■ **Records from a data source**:

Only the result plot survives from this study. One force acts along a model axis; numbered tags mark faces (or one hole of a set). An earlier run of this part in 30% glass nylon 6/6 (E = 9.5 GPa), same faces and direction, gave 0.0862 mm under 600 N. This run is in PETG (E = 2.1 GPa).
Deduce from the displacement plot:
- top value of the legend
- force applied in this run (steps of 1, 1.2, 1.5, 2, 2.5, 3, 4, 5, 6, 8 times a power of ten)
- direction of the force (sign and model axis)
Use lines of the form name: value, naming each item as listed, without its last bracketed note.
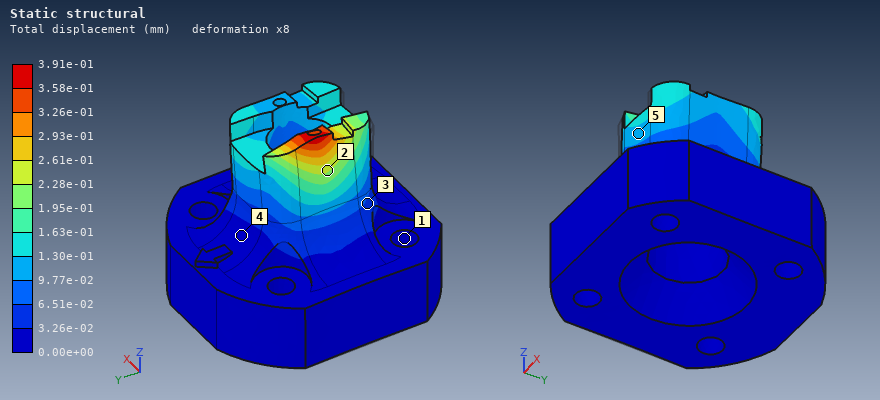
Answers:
top value of the legend: 3.91e-01 mm
force applied in this run: 600 N
direction of the force: +X
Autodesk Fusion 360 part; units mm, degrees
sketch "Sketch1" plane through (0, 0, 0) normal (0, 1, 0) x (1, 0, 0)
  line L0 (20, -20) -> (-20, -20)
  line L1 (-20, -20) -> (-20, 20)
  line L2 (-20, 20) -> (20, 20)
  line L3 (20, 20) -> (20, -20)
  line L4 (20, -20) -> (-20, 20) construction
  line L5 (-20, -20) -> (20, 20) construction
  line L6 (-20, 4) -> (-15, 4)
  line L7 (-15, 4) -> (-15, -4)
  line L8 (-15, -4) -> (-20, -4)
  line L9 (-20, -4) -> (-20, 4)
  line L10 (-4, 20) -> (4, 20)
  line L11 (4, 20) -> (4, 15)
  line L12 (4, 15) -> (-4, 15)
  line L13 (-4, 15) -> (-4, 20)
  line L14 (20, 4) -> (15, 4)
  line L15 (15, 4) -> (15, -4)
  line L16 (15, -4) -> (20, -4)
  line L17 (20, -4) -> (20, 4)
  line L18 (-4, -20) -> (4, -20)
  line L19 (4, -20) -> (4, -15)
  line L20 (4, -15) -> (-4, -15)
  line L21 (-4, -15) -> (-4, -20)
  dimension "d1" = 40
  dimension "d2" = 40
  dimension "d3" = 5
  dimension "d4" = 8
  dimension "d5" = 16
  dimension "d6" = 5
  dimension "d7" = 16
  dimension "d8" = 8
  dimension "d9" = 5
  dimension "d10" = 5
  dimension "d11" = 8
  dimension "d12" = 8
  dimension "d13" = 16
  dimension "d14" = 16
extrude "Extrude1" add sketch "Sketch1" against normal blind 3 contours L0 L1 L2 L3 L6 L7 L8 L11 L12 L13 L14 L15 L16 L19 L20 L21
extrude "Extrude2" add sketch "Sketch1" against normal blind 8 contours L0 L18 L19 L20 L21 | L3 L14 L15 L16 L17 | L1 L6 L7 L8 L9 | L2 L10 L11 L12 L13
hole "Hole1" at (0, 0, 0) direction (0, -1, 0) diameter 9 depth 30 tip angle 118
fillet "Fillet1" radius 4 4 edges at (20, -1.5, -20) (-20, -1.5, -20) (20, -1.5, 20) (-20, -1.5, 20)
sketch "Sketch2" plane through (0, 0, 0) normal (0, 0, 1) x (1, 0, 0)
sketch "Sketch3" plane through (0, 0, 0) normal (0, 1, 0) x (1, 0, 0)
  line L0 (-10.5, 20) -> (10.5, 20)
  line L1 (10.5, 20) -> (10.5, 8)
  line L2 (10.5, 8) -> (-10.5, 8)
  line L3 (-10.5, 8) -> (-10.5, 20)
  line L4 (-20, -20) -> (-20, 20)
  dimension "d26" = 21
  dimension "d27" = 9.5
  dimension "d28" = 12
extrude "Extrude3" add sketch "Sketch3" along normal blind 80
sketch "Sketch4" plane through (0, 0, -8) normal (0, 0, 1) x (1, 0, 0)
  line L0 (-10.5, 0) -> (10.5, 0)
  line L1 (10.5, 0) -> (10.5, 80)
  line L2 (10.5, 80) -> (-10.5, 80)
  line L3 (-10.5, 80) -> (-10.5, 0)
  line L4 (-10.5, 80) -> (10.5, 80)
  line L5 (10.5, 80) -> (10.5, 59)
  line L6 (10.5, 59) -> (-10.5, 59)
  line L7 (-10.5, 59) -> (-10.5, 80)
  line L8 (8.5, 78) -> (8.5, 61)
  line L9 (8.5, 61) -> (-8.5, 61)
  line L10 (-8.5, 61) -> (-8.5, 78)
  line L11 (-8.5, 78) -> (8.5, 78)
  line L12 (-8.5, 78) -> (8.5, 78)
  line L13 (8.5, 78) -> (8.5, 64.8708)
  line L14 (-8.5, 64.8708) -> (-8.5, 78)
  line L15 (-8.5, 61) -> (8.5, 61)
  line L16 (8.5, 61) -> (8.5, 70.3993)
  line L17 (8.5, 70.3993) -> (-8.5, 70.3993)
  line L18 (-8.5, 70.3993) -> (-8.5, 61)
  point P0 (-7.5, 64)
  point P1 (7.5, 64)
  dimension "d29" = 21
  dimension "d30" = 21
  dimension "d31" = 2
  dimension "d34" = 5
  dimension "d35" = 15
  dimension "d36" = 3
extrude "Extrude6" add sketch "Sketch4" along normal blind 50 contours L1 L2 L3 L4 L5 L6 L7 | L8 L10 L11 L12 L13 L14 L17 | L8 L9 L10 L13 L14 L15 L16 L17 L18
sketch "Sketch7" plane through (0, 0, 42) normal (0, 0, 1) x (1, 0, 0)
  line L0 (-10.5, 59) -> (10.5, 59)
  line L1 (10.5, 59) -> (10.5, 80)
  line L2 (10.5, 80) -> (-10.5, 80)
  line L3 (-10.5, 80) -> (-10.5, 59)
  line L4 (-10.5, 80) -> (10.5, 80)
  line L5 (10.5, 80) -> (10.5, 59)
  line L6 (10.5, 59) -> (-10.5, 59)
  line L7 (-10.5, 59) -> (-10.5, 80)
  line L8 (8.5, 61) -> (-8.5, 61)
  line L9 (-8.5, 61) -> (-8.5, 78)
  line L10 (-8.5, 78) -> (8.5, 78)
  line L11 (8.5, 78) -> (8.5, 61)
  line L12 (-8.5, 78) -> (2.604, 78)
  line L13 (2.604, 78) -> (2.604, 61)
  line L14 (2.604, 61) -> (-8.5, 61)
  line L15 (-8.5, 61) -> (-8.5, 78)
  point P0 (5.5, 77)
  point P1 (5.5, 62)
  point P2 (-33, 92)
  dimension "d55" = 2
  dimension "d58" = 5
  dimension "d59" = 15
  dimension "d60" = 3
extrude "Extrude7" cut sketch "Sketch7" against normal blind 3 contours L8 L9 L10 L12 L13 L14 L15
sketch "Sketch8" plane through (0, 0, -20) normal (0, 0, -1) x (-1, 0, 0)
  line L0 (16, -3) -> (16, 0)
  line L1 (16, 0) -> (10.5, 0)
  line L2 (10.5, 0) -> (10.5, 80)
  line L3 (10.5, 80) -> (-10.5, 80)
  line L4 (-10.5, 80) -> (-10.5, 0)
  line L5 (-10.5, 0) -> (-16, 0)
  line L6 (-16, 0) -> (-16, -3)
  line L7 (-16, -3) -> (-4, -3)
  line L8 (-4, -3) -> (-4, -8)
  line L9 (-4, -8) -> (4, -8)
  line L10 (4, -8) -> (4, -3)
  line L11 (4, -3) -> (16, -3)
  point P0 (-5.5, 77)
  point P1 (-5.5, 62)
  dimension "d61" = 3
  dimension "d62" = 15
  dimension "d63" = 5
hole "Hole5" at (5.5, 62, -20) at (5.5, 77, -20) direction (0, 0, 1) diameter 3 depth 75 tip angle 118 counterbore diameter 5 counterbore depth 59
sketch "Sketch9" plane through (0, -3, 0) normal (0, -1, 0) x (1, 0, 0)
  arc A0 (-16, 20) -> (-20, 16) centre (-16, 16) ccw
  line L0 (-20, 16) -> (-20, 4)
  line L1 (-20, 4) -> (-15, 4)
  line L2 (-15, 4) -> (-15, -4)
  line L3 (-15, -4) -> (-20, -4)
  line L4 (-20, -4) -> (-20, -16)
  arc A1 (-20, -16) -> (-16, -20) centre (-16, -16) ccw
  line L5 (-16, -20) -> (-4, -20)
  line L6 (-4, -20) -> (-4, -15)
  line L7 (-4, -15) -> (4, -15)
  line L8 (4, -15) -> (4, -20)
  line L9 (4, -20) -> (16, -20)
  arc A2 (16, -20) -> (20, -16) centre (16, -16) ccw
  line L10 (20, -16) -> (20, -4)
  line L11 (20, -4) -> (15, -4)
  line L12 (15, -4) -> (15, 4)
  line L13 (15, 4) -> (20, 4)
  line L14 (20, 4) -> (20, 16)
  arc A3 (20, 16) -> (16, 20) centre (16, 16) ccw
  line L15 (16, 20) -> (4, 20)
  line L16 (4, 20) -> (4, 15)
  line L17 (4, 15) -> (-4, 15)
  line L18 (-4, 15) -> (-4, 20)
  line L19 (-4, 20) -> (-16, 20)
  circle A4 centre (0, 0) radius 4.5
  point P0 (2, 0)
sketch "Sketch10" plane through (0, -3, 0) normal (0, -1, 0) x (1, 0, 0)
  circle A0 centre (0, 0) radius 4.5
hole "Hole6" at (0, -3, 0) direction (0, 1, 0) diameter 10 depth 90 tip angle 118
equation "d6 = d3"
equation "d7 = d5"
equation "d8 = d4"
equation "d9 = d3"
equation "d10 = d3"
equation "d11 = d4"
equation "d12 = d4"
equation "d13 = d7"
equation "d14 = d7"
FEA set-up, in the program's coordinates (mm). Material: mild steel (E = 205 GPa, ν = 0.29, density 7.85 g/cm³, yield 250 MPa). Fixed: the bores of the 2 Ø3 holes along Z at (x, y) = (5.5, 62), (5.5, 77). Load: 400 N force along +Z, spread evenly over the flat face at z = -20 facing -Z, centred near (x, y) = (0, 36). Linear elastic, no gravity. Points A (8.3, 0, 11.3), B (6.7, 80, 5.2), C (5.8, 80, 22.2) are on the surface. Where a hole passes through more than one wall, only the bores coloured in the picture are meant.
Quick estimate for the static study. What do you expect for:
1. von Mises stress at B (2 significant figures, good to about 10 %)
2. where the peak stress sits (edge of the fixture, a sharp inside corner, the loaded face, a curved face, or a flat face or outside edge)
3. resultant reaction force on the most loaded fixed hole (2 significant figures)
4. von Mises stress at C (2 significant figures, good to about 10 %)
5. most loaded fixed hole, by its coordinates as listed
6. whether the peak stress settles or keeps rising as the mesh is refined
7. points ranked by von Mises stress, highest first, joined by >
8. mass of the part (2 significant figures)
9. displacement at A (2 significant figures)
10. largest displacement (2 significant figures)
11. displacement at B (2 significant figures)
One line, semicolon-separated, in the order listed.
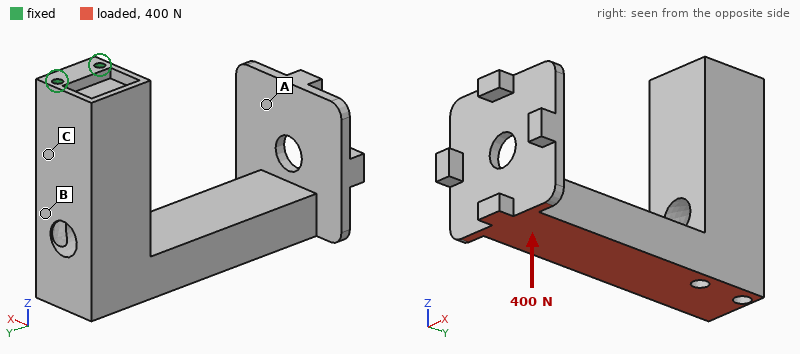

■ **Problem to work on**:
Give back, exactly as written, the stretch from the line with "L10 L12 L13 L14 L15" through the line with "line L16 (4, 20) -> (4, 15)", and no other lines from the records above.

■ **Reply**:
extrude "Extrude7" cut sketch "Sketch7" against normal blind 3 contours L8 L9 L10 L12 L13 L14 L15
sketch "Sketch8" plane through (0, 0, -20) normal (0, 0, -1) x (-1, 0, 0)
  line L0 (16, -3) -> (16, 0)
  line L1 (16, 0) -> (10.5, 0)
  line L2 (10.5, 0) -> (10.5, 80)
  line L3 (10.5, 80) -> (-10.5, 80)
  line L4 (-10.5, 80) -> (-10.5, 0)
  line L5 (-10.5, 0) -> (-16, 0)
  line L6 (-16, 0) -> (-16, -3)
  line L7 (-16, -3) -> (-4, -3)
  line L8 (-4, -3) -> (-4, -8)
  line L9 (-4, -8) -> (4, -8)
  line L10 (4, -8) -> (4, -3)
  line L11 (4, -3) -> (16, -3)
  point P0 (-5.5, 77)
  point P1 (-5.5, 62)
  dimension "d61" = 3
  dimension "d62" = 15
  dimension "d63" = 5
hole "Hole5" at (5.5, 62, -20) at (5.5, 77, -20) direction (0, 0, 1) diameter 3 depth 75 tip angle 118 counterbore diameter 5 counterbore depth 59
sketch "Sketch9" plane through (0, -3, 0) normal (0, -1, 0) x (1, 0, 0)
  arc A0 (-16, 20) -> (-20, 16) centre (-16, 16) ccw
  line L0 (-20, 16) -> (-20, 4)
  line L1 (-20, 4) -> (-15, 4)
  line L2 (-15, 4) -> (-15, -4)
  line L3 (-15, -4) -> (-20, -4)
  line L4 (-20, -4) -> (-20, -16)
  arc A1 (-20, -16) -> (-16, -20) centre (-16, -16) ccw
  line L5 (-16, -20) -> (-4, -20)
  line L6 (-4, -20) -> (-4, -15)
  line L7 (-4, -15) -> (4, -15)
  line L8 (4, -15) -> (4, -20)
  line L9 (4, -20) -> (16, -20)
  arc A2 (16, -20) -> (20, -16) centre (16, -16) ccw
  line L10 (20, -16) -> (20, -4)
  line L11 (20, -4) -> (15, -4)
  line L12 (15, -4) -> (15, 4)
  line L13 (15, 4) -> (20, 4)
  line L14 (20, 4) -> (20, 16)
  arc A3 (20, 16) -> (16, 20) centre (16, 16) ccw
  line L15 (16, 20) -> (4, 20)
  line L16 (4, 20) -> (4, 15)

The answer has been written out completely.